第14話 盗賊逮捕(3)

~ミングの視点~


「こ~こ~で~お~まえらな~んか~にま~けられな~いんだぁ~」

「ど~なってるんすかああああぁぁぁぁ!!」


羊野郎が巨大化してしまったっす!

兄貴と俺が一生懸命に作り上げた家が一瞬にして壊されたっす。

あんなのにどうやって勝てばいいんすか!公爵貴族の豪邸ぐらい巨大な建物じゃないと収まりきらないんじゃないかってぐらい大きくなっちゃったじゃないっすか!


「兄貴!これからどうするんっすか!?」

「と、と、と、とりあえず落ち着け馬鹿野郎!」

「兄貴こそ落ち着いてくださいっす!」

「こ、こういう時はな、深呼吸が一番だ。ほら一緒にスー、ハー。スー、ハー」

「スー、ハー、。スー、ハー」

「あれれ~?こ~ないの~?そ~れじゃ~こっちから~行~くよ~?」

「わああぁぁぁ!転がってきたっすぅぅぅ!」

「安心している暇じゃなかったぁぁぁ!」


なんと羊野郎はその巨体でこっちに転がってきたっす!

石や雑草を巻き込んで、地面を抉りながら転がってくる姿はまるで1台の装甲車が突進してきた感じっす。

なにが言いたいかっていうと、生身の人間が勝てるような相手じゃないってことっ

すぅぅぅぅぅ!!!


「ミング!こうなったら最後の手段だ!『亜魔威粒背五群あまいりゅうせいぐん』を使うぞ!」

「い、いいんすか!?あれはこの世に111個しかないといわれる落下聖岩を5つも使う技っすよ!?俺らはあれ8個しか持ってないんすけど…」

「背に腹は代えられねぇ!いくぞ!」

「えーーい!わかったっす!兄貴!お先に失礼するっす!」


兄貴は自分のコレクションを惜しみなく使う気っす。なのに俺だけが弱腰なのは兄貴にも旦那たちにも迷惑をかけてしまうっす。

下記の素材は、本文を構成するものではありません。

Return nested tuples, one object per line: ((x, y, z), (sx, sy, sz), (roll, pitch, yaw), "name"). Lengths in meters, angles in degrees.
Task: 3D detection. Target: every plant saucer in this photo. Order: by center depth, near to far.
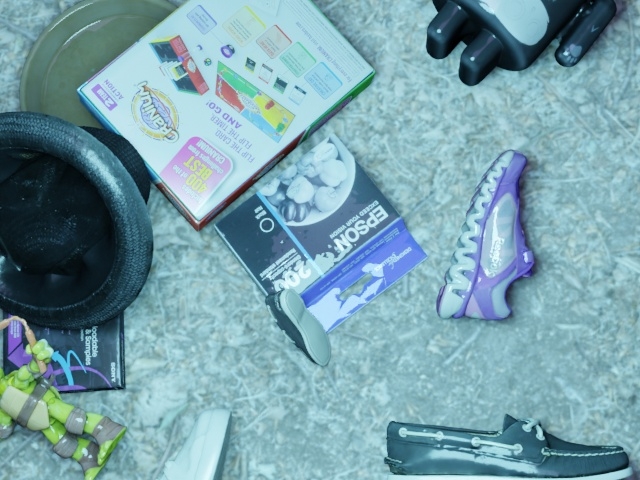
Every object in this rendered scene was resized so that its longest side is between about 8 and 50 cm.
((-0.276, -0.208, 1.805), (0.278, 0.041, 0.278), (-1, 78, 6), "plant saucer")

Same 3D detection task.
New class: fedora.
((-0.331, -0.045, 1.684), (0.334, 0.152, 0.334), (13, 122, 21), "fedora")

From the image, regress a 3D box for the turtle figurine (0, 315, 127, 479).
((-0.366, 0.225, 1.677), (0.217, 0.087, 0.269), (34, 118, 0), "turtle figurine")

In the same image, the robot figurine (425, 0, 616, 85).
((0.257, -0.334, 1.715), (0.278, 0.173, 0.209), (-49, 120, -5), "robot figurine")

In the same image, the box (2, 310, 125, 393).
((-0.340, 0.144, 1.737), (0.162, 0.029, 0.116), (-5, 77, 4), "box")

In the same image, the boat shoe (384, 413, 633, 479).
((0.228, 0.259, 1.609), (0.302, 0.114, 0.091), (-3, 83, 4), "boat shoe")

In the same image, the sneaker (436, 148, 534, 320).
((0.231, 0.002, 1.684), (0.104, 0.095, 0.236), (19, 85, 3), "sneaker")

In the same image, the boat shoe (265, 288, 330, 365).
((-0.029, 0.113, 1.683), (0.038, 0.125, 0.046), (-10, 39, 33), "boat shoe")

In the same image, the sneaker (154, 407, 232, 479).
((-0.222, 0.333, 1.642), (0.169, 0.108, 0.292), (17, 81, 6), "sneaker")

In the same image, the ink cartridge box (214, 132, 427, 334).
((0.000, 0.000, 1.727), (0.206, 0.045, 0.208), (-38, 78, -3), "ink cartridge box")

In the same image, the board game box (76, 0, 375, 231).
((-0.124, -0.204, 1.739), (0.316, 0.064, 0.242), (-41, 85, -11), "board game box")

だったら死ぬ時までこの人生をとことん歩んで行くっすよ!


「羊野郎!こっちだ!」

「あれれ~~?ど~こに~い~るの~?」


兄貴の準備が終わるまで俺が時間を稼ぐためにファイドの町で買った便利アイテム『お周り真っ白君』を使って羊野郎を中心に煙幕を発生させたっす。


「あっ!ど、どうしよう兄貴!ま、間違えて10個全部使っちゃったっす!」

「馬鹿野郎!何してんだよ!絶対後で旦那たちに怒られるじゃないかよ!」

「す、すみませんっす!」


いやー、1個で十分煙幕が発生するお周り真っ白君を10個も使っちゃったらこの森一帯が煙幕に包まれるのも時間の問題っすよねー。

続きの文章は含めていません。